Como você provavelmente deve saber, toda
a matéria conhecida do universo é composta por átomos, que por sua vez
são formados por partículas ainda menores chamadas prótons, elétrons e
nêutrons (estes ainda formados por quarks).
Todavia, 99,9% do interior do átomo é um
espaço vazio. Para ter uma noção de quanto espaço vazio há dentro de um
único átomo, vamos imaginar que seu núcleo é do tamanho da cabeça de um
alfinete. Então, o átomo em si seria do tamanho do estádio do Maracanã.
Realmente há muito espaço “vago” dentro de cada átomo.
Isso pode fazer você se perguntar: mas
se há tanto espaço vazio dentro de um átomo, como é que eles não se
cruzam ou se atravessam? Isto é, como nós podemos tocar em objetos ou em
outras pessoas se nossos átomos são enormes vazios com um minúsculo
núcleo?
A resposta é simples: nunca, em hipótese
alguma, encostamos realmente em outras coisas ou pessoas. Quando nos
aproximamos muito de um corpo, temos a sensação de o estar tocando. Mas
lá dentro o que realmente acontece é a chamada repulsão elétrica. Resumidamente,
trata-se de um fenômeno onde duas partículas de cargas elétricas iguais
se repelem. Isso significa que chegamos muito perto de outros corpos,
mas nunca realmente o tocamos.
Conforme aumentamos a força de nossa mão
(ou qualquer parte do corpo) contra outra superfície, maior é a força
de repulsão que impede que ambos os corpos se atravessem.
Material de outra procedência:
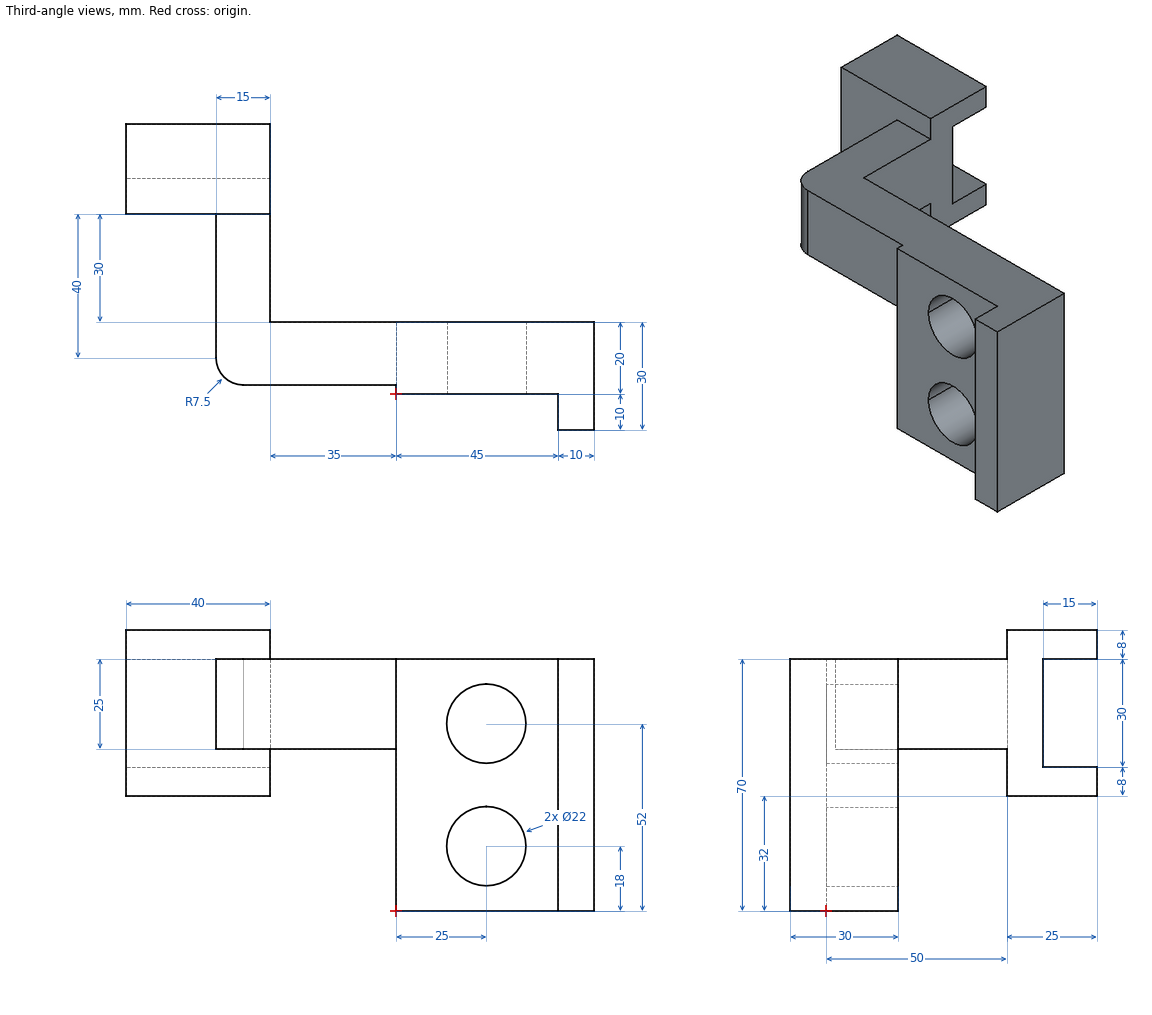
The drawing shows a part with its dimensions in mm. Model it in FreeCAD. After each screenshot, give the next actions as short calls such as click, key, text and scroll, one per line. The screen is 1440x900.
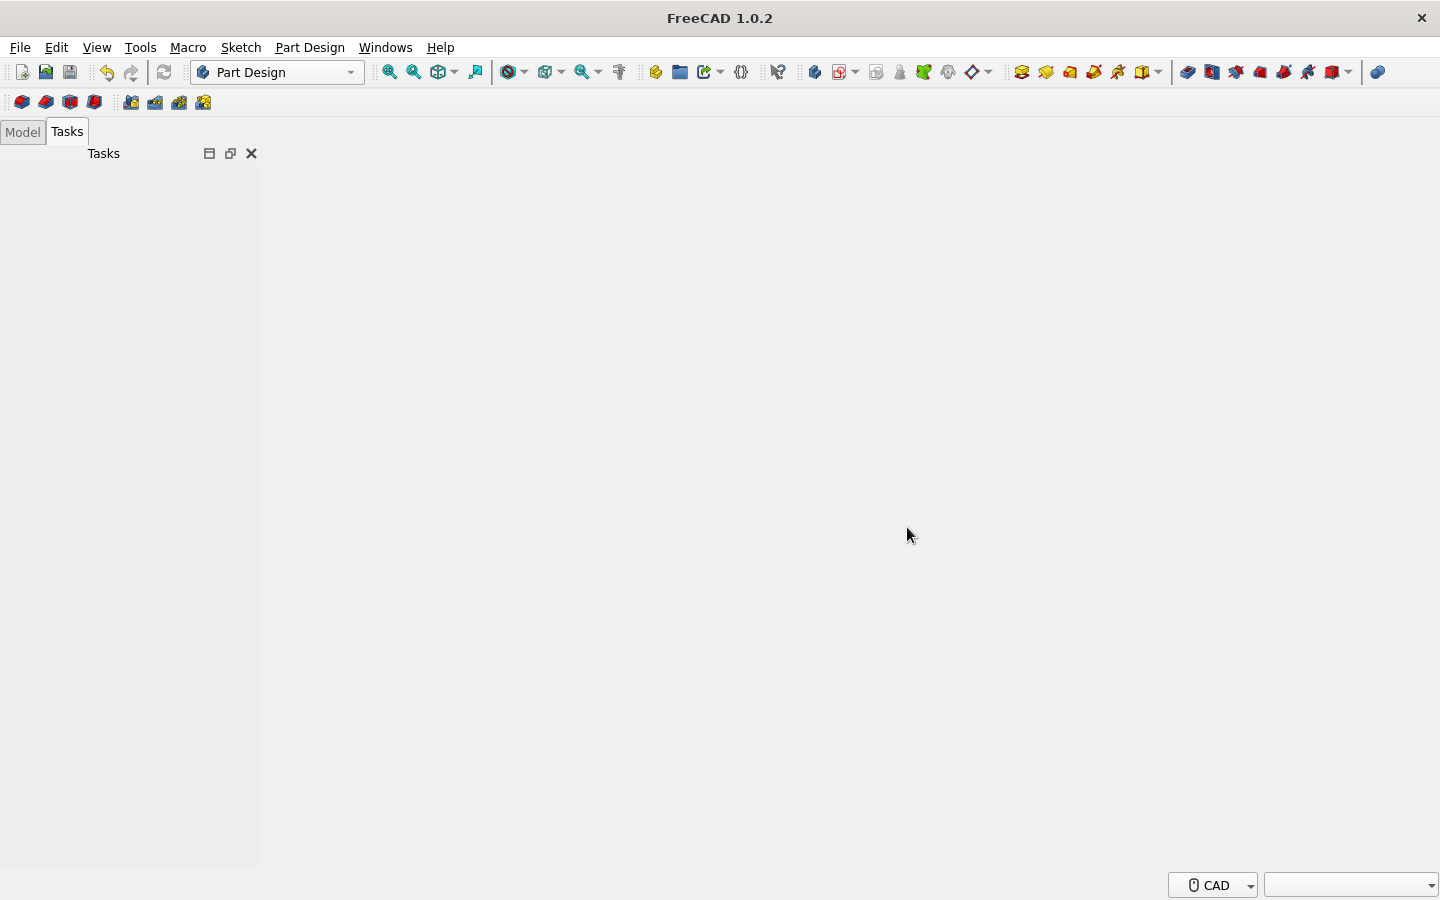
click(22, 72)

Em outras
palavras, sempre haverá um espaço invisível ao olho humano entre dois
corpos que estão aparentemente juntos.
Claro que a repulsão elétrica não é uma
força infalível. Quanto são submetidos a altas temperaturas, os átomos
de hidrogênio, por exemplo, ganham uma força forte o suficiente para
vencer a repulsão. Sempre que isso acontece, temos a fusão nuclear,
fenômeno que permite que as estrelas brilhem e liberem energia através
do universo. [PhysicsClassroom, Study]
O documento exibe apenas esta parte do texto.